Brambleclaw jumped at a scrabbling sound close by in the bushes, then relaxed when Stormfur appeared and crouched down beside him.
“I’ll watch for a bit if you like,” the gray warrior meowed.
“Thanks.” Brambleclaw arched his back and drove his claws into the ground in a stretch. “I’m not sure I can sleep, though.”
“Try,” Stormfur advised him. “You’ll need your strength for tomorrow.”
“I know.” With another glance at the moon, he added, “I wish we were all safely back at Fourtrees.”

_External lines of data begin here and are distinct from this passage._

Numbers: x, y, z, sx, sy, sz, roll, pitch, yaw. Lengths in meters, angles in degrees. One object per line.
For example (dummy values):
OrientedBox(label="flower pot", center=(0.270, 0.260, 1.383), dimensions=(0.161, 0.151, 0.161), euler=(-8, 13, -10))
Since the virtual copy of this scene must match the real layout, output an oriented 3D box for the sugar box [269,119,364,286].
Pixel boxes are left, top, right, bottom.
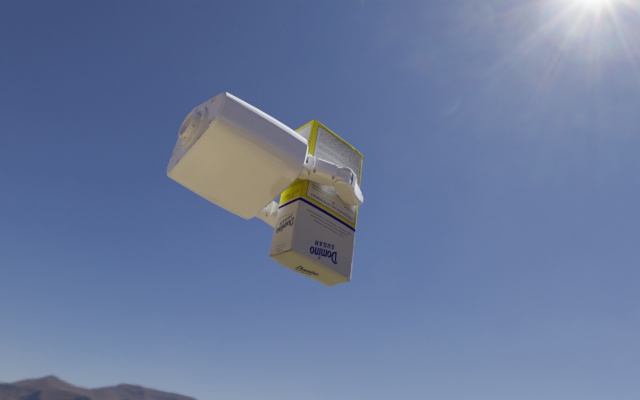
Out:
OrientedBox(label="sugar box", center=(0.000, 0.002, 0.563), dimensions=(0.093, 0.176, 0.048), euler=(32, -35, -32))
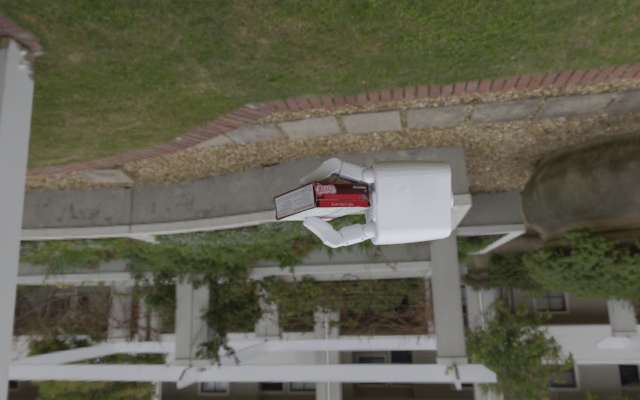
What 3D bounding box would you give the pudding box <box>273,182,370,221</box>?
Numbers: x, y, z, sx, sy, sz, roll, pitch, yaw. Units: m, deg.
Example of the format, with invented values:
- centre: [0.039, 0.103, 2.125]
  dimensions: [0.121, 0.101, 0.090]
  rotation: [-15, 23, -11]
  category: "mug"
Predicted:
- centre: [0.000, 0.002, 0.660]
  dimensions: [0.090, 0.039, 0.113]
  rotation: [2, -13, -33]
  category: "pudding box"
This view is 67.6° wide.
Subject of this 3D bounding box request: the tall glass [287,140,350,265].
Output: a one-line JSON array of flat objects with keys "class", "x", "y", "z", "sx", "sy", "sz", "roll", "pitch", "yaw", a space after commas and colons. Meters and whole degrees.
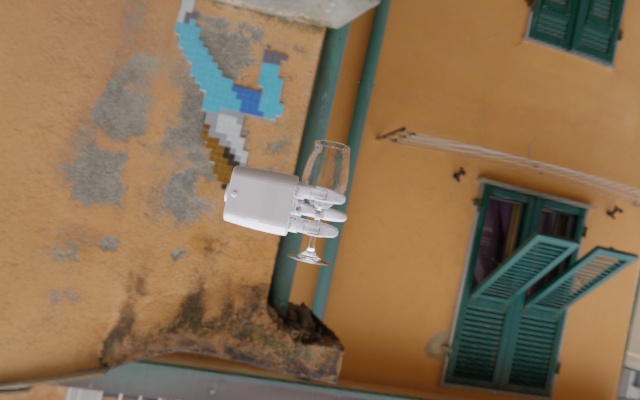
[{"class": "tall glass", "x": 0.000, "y": 0.003, "z": 0.803, "sx": 0.079, "sy": 0.201, "sz": 0.079, "roll": 12, "pitch": -2, "yaw": 0}]
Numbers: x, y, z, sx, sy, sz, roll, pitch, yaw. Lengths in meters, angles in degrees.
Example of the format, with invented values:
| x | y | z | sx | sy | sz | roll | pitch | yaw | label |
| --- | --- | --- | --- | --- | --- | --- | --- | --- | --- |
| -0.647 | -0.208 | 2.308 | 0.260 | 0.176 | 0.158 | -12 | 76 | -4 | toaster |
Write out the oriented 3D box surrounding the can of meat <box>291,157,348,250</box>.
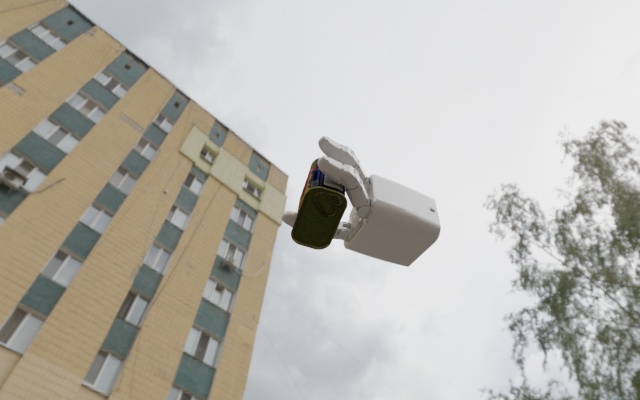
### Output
| x | y | z | sx | sy | sz | roll | pitch | yaw | label |
| --- | --- | --- | --- | --- | --- | --- | --- | --- | --- |
| 0.000 | 0.002 | 0.666 | 0.057 | 0.102 | 0.084 | 17 | 35 | -7 | can of meat |
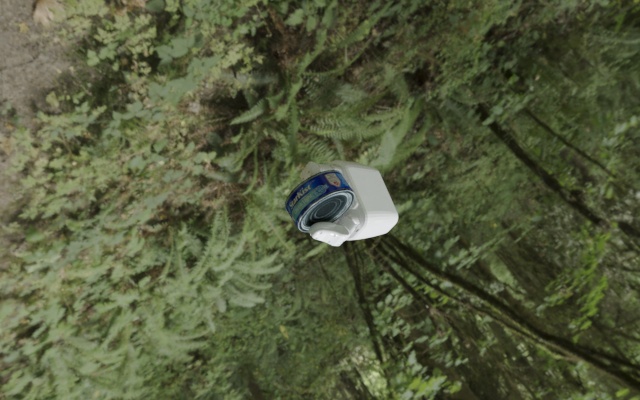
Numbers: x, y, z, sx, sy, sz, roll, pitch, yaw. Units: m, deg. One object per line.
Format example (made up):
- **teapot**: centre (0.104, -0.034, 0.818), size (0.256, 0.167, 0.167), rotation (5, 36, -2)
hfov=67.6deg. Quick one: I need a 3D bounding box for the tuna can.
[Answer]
- **tuna can**: centre (0.000, 0.002, 0.604), size (0.086, 0.033, 0.086), rotation (-27, -26, -14)
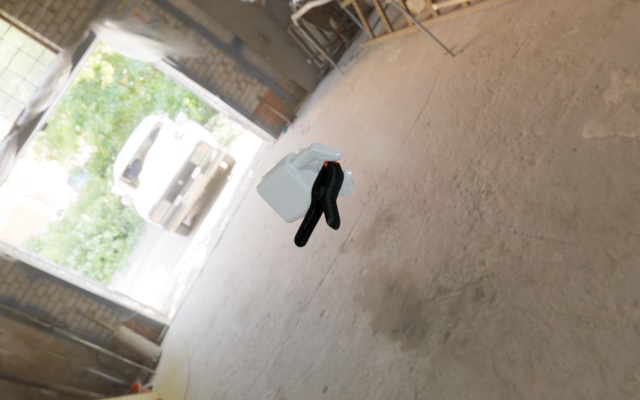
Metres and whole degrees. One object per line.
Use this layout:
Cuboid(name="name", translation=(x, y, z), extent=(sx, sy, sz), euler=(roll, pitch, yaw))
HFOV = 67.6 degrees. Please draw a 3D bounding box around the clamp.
Cuboid(name="clamp", translation=(0.000, 0.002, 0.847), extent=(0.039, 0.171, 0.120), euler=(35, -46, -26))
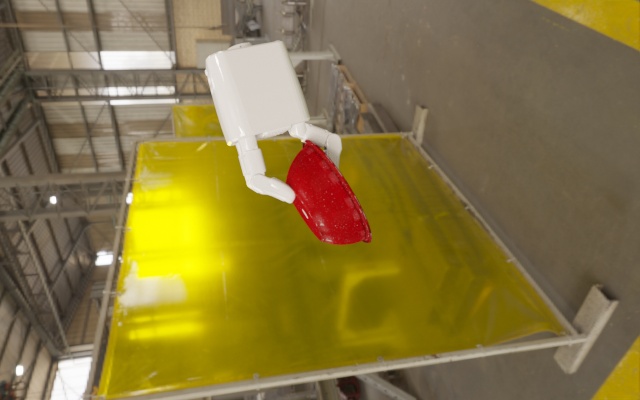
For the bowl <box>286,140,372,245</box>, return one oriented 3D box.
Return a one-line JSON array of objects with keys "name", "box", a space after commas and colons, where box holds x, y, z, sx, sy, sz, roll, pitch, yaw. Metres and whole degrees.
[{"name": "bowl", "box": [0.000, 0.003, 0.634, 0.055, 0.162, 0.162, -33, 6, -9]}]
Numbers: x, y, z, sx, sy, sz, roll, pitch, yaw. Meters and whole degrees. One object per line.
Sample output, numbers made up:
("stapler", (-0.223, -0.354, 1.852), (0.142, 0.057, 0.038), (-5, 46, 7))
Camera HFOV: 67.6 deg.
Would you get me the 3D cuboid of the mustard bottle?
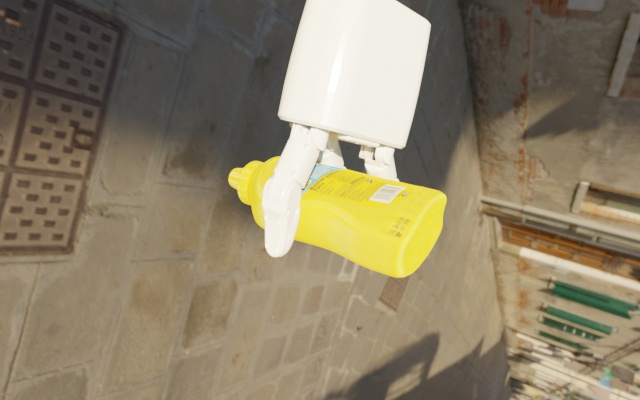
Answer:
("mustard bottle", (0.000, 0.002, 0.405), (0.191, 0.058, 0.096), (17, 32, 27))
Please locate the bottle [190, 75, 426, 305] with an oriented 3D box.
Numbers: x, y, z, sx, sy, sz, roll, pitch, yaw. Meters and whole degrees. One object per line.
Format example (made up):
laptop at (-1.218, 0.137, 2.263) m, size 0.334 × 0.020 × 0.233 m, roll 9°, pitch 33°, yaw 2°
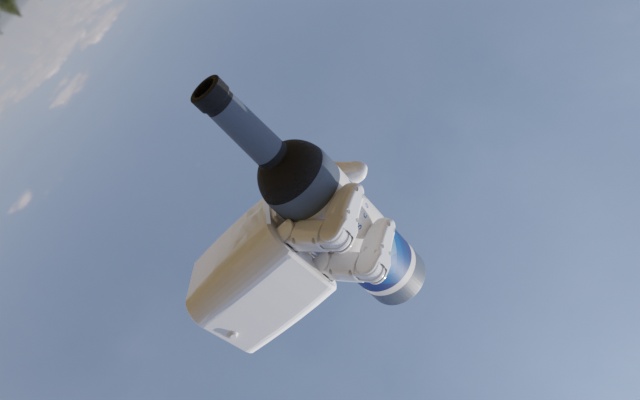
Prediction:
bottle at (0.000, 0.001, 0.432) m, size 0.069 × 0.069 × 0.296 m, roll 0°, pitch -34°, yaw 44°
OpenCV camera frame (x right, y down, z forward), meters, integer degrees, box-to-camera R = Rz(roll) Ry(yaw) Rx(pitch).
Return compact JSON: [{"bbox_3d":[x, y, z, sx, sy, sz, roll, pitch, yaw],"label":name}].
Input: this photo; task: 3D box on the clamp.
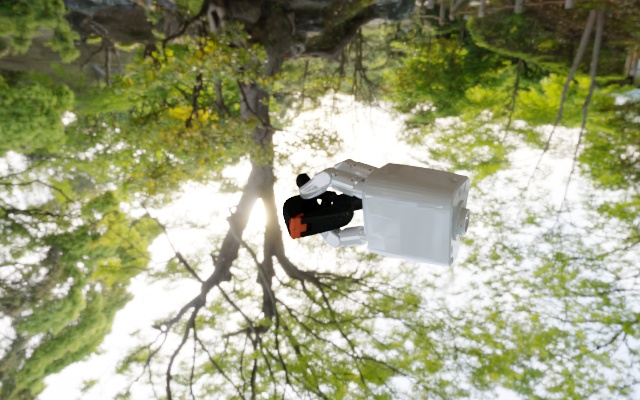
[{"bbox_3d":[0.000,0.003,0.652,0.164,0.036,0.210,11,20,26],"label":"clamp"}]
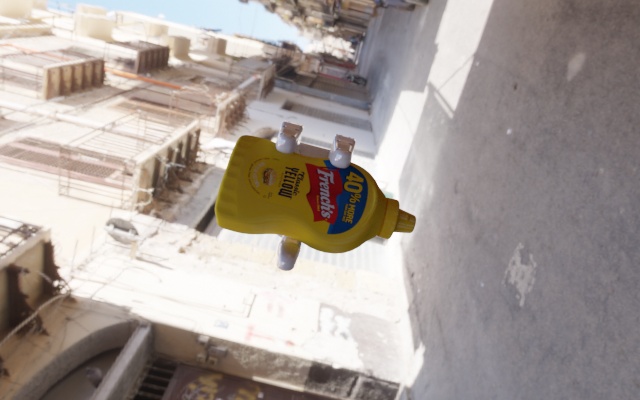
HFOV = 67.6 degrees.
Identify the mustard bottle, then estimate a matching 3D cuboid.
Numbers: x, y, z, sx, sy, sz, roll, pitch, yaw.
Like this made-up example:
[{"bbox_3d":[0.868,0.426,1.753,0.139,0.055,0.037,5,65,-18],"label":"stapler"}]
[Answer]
[{"bbox_3d":[0.000,0.001,0.474,0.191,0.096,0.058,14,-28,-2],"label":"mustard bottle"}]
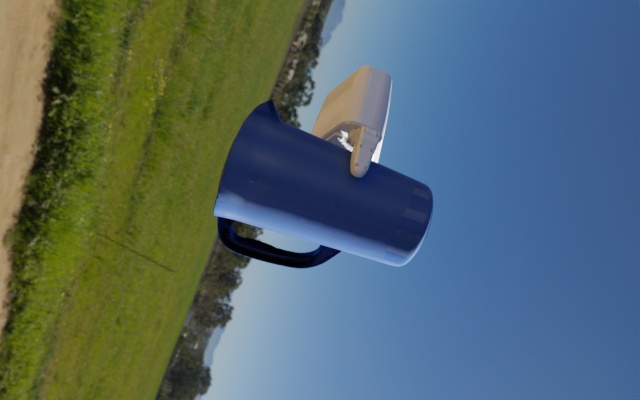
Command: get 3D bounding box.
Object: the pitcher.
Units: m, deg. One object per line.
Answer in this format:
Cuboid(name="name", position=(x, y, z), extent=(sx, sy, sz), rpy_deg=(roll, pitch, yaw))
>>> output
Cuboid(name="pitcher", position=(0.000, 0.002, 0.574), extent=(0.243, 0.145, 0.149), rpy_deg=(20, -30, -7))
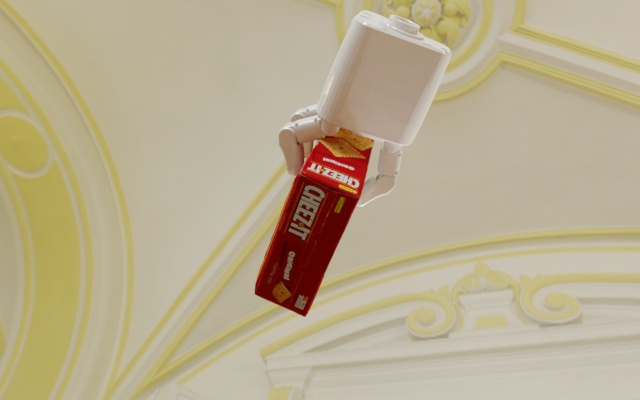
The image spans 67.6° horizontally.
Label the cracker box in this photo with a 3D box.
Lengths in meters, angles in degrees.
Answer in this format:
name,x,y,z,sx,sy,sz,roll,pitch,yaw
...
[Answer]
name,x,y,z,sx,sy,sz,roll,pitch,yaw
cracker box,0.000,0.002,0.569,0.072,0.164,0.213,22,29,1
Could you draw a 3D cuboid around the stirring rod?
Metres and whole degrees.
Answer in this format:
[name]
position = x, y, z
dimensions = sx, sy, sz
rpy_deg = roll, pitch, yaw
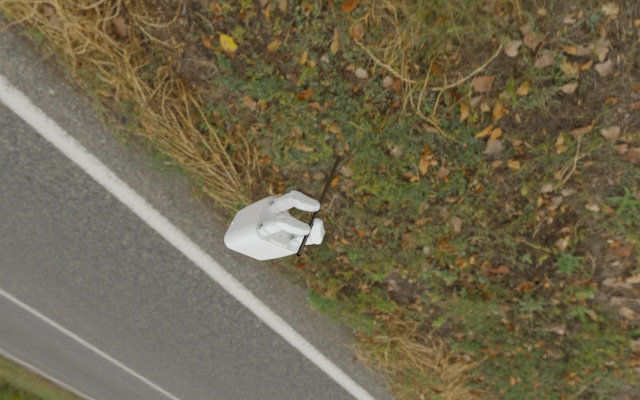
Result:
[stirring rod]
position = 0.000, 0.003, 0.874
dimensions = 0.011, 0.239, 0.011
rpy_deg = 14, -37, 11
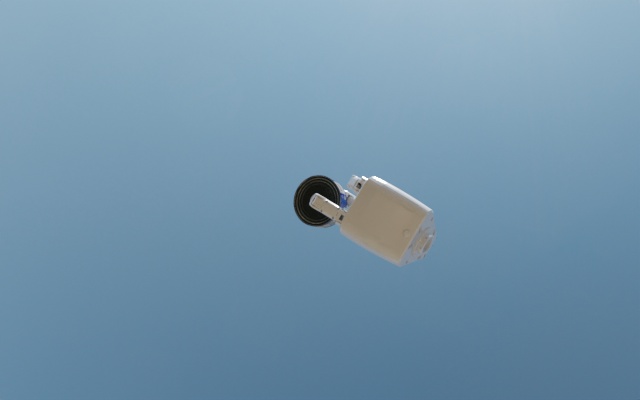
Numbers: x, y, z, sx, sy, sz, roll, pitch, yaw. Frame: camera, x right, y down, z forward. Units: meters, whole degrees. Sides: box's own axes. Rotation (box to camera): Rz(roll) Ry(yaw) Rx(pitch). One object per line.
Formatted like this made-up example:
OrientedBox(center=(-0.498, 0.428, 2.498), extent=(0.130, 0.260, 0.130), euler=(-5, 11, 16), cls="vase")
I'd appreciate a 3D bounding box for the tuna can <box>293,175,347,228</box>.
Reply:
OrientedBox(center=(0.000, 0.003, 0.798), extent=(0.086, 0.086, 0.034), euler=(0, -9, 25), cls="tuna can")
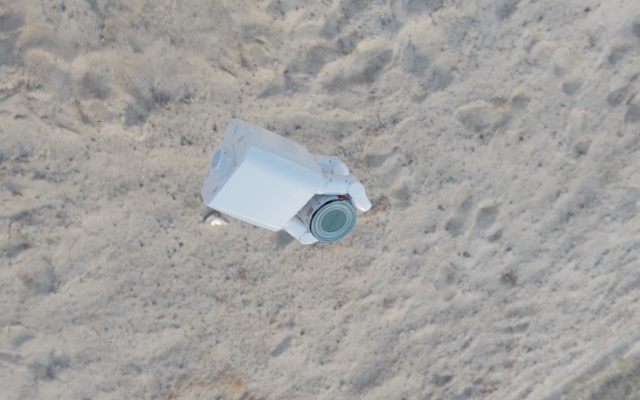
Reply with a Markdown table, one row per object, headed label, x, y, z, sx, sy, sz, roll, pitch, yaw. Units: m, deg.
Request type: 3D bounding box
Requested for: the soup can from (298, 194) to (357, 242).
| label | x | y | z | sx | sy | sz | roll | pitch | yaw |
| --- | --- | --- | --- | --- | --- | --- | --- | --- | --- |
| soup can | 0.001 | 0.003 | 0.658 | 0.068 | 0.068 | 0.102 | 0 | 31 | -24 |
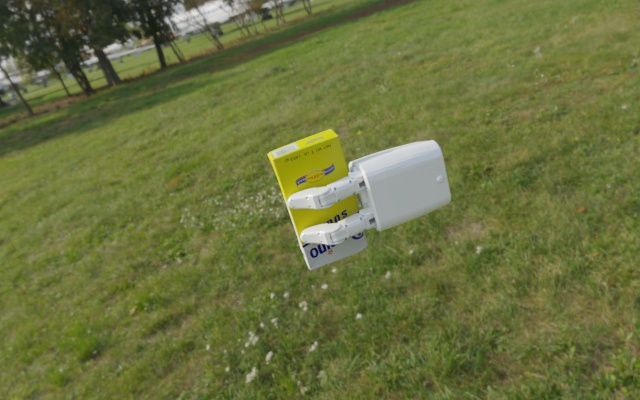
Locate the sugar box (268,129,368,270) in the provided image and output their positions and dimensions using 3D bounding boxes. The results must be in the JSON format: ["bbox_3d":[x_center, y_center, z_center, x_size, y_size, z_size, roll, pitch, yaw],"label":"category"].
[{"bbox_3d":[0.000,0.002,0.653,0.093,0.176,0.048,-21,24,-6],"label":"sugar box"}]
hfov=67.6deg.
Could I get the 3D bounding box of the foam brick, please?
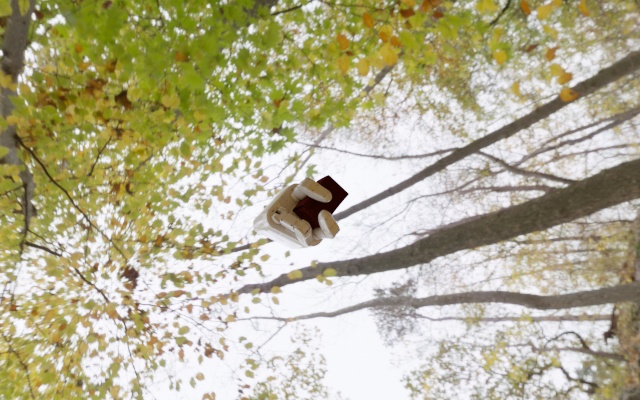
[{"bbox_3d":[0.000,0.003,0.830,0.053,0.078,0.051,45,-24,-10],"label":"foam brick"}]
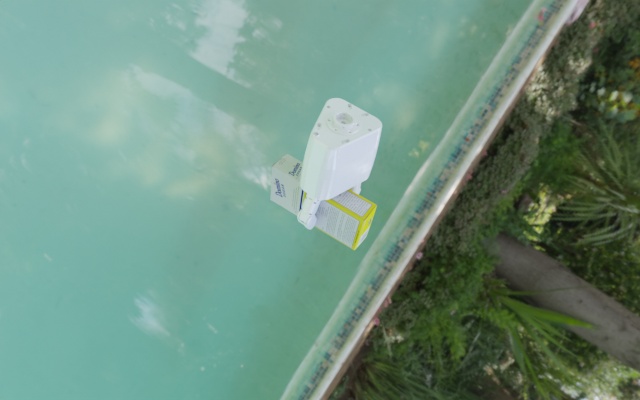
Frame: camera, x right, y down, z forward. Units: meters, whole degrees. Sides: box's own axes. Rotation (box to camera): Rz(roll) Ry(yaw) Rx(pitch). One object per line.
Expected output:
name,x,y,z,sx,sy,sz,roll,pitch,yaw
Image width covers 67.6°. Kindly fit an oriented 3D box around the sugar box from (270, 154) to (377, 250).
sugar box,0.001,0.002,0.786,0.176,0.093,0.048,33,55,16
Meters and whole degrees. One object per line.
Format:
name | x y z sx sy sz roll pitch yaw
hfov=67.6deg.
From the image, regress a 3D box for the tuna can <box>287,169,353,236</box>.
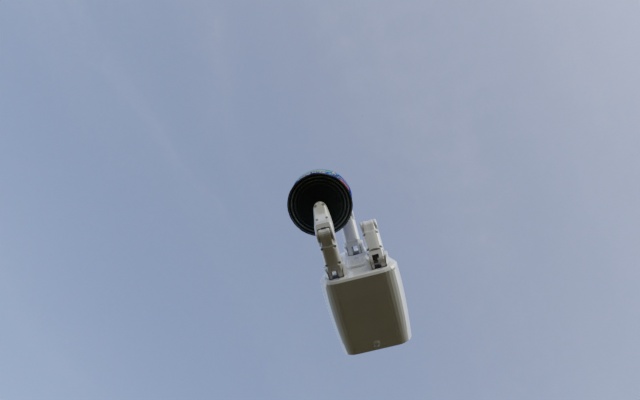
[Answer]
tuna can | 0.000 0.002 0.635 0.086 0.086 0.033 0 16 4

To his surprise Stormfur blinked at him sympathetically.
“We will be soon. Don’t worry. StarClan are with us here just as much as if we were at the Gathering with the rest of our Clans.”
Brambleclaw let out a sigh. Somehow, tangled as they were in Twolegplace, it was hard to imagine the starry warriors weaving among them. With a last look at the moon, he curled up and closed his eyes, and at last managed to sink into sleep.